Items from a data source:
# # # #
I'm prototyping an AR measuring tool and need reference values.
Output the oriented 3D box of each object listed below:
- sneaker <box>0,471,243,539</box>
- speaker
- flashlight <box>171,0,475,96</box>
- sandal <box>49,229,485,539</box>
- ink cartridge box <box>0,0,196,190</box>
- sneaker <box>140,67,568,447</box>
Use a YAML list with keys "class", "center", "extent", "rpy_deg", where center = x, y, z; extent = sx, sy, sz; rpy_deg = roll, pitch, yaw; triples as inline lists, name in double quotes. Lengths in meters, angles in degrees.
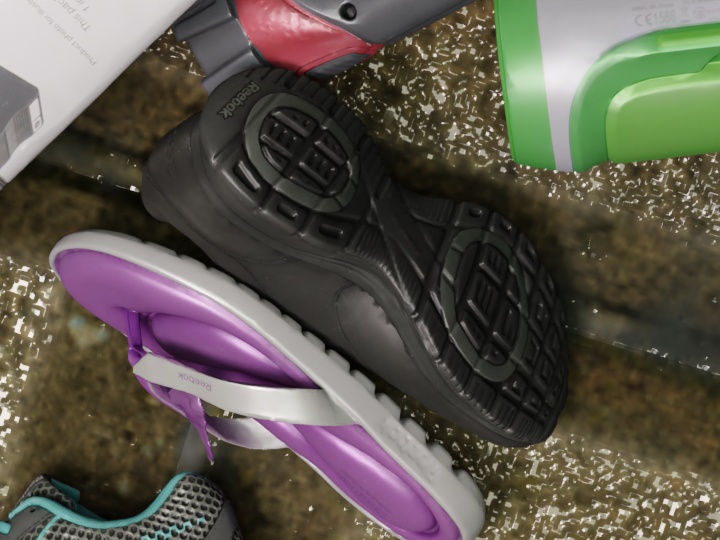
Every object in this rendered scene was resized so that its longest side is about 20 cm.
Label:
- class: "sneaker"
  center: [-0.134, 0.130, 1.107]
  extent: [0.198, 0.078, 0.092]
  rpy_deg: [-9, 83, 3]
- class: "speaker"
  center: [0.152, -0.087, 1.031]
  extent: [0.198, 0.088, 0.089]
  rpy_deg: [-6, 99, 6]
- class: "flashlight"
  center: [0.022, -0.125, 1.012]
  extent: [0.199, 0.068, 0.068]
  rpy_deg: [-27, 122, 31]
- class: "sandal"
  center: [-0.040, 0.053, 1.068]
  extent: [0.202, 0.082, 0.050]
  rpy_deg: [34, 61, -3]
- class: "ink cartridge box"
  center: [-0.139, -0.088, 1.009]
  extent: [0.200, 0.145, 0.084]
  rpy_deg: [-42, 103, 18]
- class: "sneaker"
  center: [0.000, 0.000, 1.069]
  extent: [0.200, 0.091, 0.076]
  rpy_deg: [42, 56, -20]
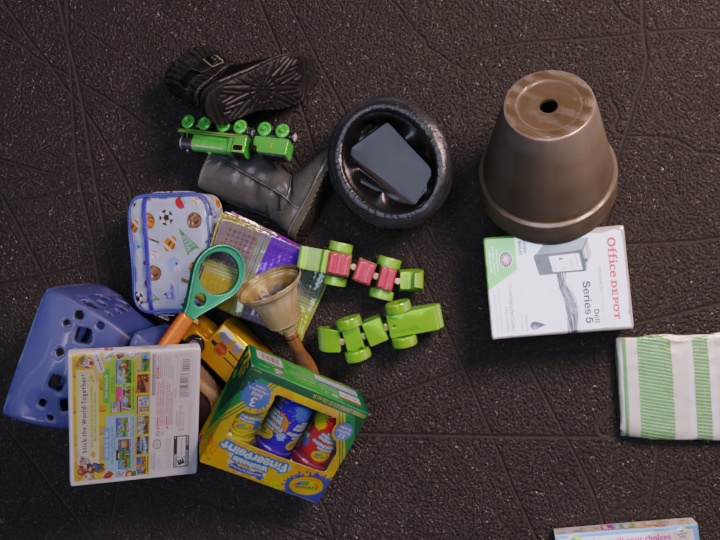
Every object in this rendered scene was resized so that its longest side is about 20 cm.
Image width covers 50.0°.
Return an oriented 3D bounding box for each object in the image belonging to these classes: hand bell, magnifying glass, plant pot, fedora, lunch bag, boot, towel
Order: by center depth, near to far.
[{"bbox_3d":[0.254,-0.168,1.048,0.196,0.174,0.203,-6,58,10],"label":"plant pot"},{"bbox_3d":[0.469,0.165,1.104,0.196,0.023,0.155,-3,88,10],"label":"towel"},{"bbox_3d":[-0.241,0.050,1.135,0.079,0.022,0.201,40,77,-27],"label":"magnifying glass"},{"bbox_3d":[0.048,-0.157,1.164,0.197,0.092,0.204,0,88,11],"label":"fedora"},{"bbox_3d":[-0.103,0.105,1.173,0.103,0.104,0.202,-16,113,10],"label":"hand bell"},{"bbox_3d":[-0.285,0.226,1.187,0.166,0.072,0.201,-37,117,2],"label":"boot"},{"bbox_3d":[-0.151,0.011,1.194,0.198,0.023,0.145,25,91,-13],"label":"towel"},{"bbox_3d":[-0.399,0.146,1.195,0.177,0.200,0.203,21,92,4],"label":"plant pot"},{"bbox_3d":[-0.140,-0.163,1.222,0.199,0.072,0.183,34,93,17],"label":"boot"},{"bbox_3d":[-0.192,-0.310,1.225,0.158,0.209,0.080,39,141,45],"label":"boot"},{"bbox_3d":[-0.295,-0.024,1.230,0.157,0.076,0.204,0,95,10],"label":"lunch bag"}]

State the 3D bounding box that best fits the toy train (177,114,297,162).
[{"bbox_3d":[-0.193,-0.201,1.190,0.197,0.042,0.057,8,78,15],"label":"toy train"}]

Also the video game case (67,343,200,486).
# # # #
- _Exercise requirements_
For the records above, output each one exactly and skip any image.

- _Result for this exercise_
I'm prototyping an AR measuring tool and need reference values.
Output the oriented 3D box of each object listed below:
- sneaker <box>0,471,243,539</box>
- speaker
- flashlight <box>171,0,475,96</box>
- sandal <box>49,229,485,539</box>
- ink cartridge box <box>0,0,196,190</box>
- sneaker <box>140,67,568,447</box>
Use a YAML list with keys "class", "center", "extent", "rpy_deg", where center = x, y, z; extent = sx, sy, sz; rpy_deg = roll, pitch, yaw; triples as inline lists, name in double quotes. Lengths in meters, angles in degrees.
Every object in this rendered scene was resized so that its longest side is about 20 cm.
Label:
- class: "sneaker"
  center: [-0.134, 0.130, 1.107]
  extent: [0.198, 0.078, 0.092]
  rpy_deg: [-9, 83, 3]
- class: "speaker"
  center: [0.152, -0.087, 1.031]
  extent: [0.198, 0.088, 0.089]
  rpy_deg: [-6, 99, 6]
- class: "flashlight"
  center: [0.022, -0.125, 1.012]
  extent: [0.199, 0.068, 0.068]
  rpy_deg: [-27, 122, 31]
- class: "sandal"
  center: [-0.040, 0.053, 1.068]
  extent: [0.202, 0.082, 0.050]
  rpy_deg: [34, 61, -3]
- class: "ink cartridge box"
  center: [-0.139, -0.088, 1.009]
  extent: [0.200, 0.145, 0.084]
  rpy_deg: [-42, 103, 18]
- class: "sneaker"
  center: [0.000, 0.000, 1.069]
  extent: [0.200, 0.091, 0.076]
  rpy_deg: [42, 56, -20]
Every object in this rendered scene was resized so that its longest side is about 20 cm.
Image width covers 50.0°.
Return an oriented 3D bounding box for each object in the image belonging to these classes: hand bell, magnifying glass, plant pot, fedora, lunch bag, boot, towel
Order: by center depth, near to far.
[{"bbox_3d":[0.254,-0.168,1.048,0.196,0.174,0.203,-6,58,10],"label":"plant pot"},{"bbox_3d":[0.469,0.165,1.104,0.196,0.023,0.155,-3,88,10],"label":"towel"},{"bbox_3d":[-0.241,0.050,1.135,0.079,0.022,0.201,40,77,-27],"label":"magnifying glass"},{"bbox_3d":[0.048,-0.157,1.164,0.197,0.092,0.204,0,88,11],"label":"fedora"},{"bbox_3d":[-0.103,0.105,1.173,0.103,0.104,0.202,-16,113,10],"label":"hand bell"},{"bbox_3d":[-0.285,0.226,1.187,0.166,0.072,0.201,-37,117,2],"label":"boot"},{"bbox_3d":[-0.151,0.011,1.194,0.198,0.023,0.145,25,91,-13],"label":"towel"},{"bbox_3d":[-0.399,0.146,1.195,0.177,0.200,0.203,21,92,4],"label":"plant pot"},{"bbox_3d":[-0.140,-0.163,1.222,0.199,0.072,0.183,34,93,17],"label":"boot"},{"bbox_3d":[-0.192,-0.310,1.225,0.158,0.209,0.080,39,141,45],"label":"boot"},{"bbox_3d":[-0.295,-0.024,1.230,0.157,0.076,0.204,0,95,10],"label":"lunch bag"}]

State the 3D bounding box that best fits the toy train (177,114,297,162).
[{"bbox_3d":[-0.193,-0.201,1.190,0.197,0.042,0.057,8,78,15],"label":"toy train"}]

Also the video game case (67,343,200,486).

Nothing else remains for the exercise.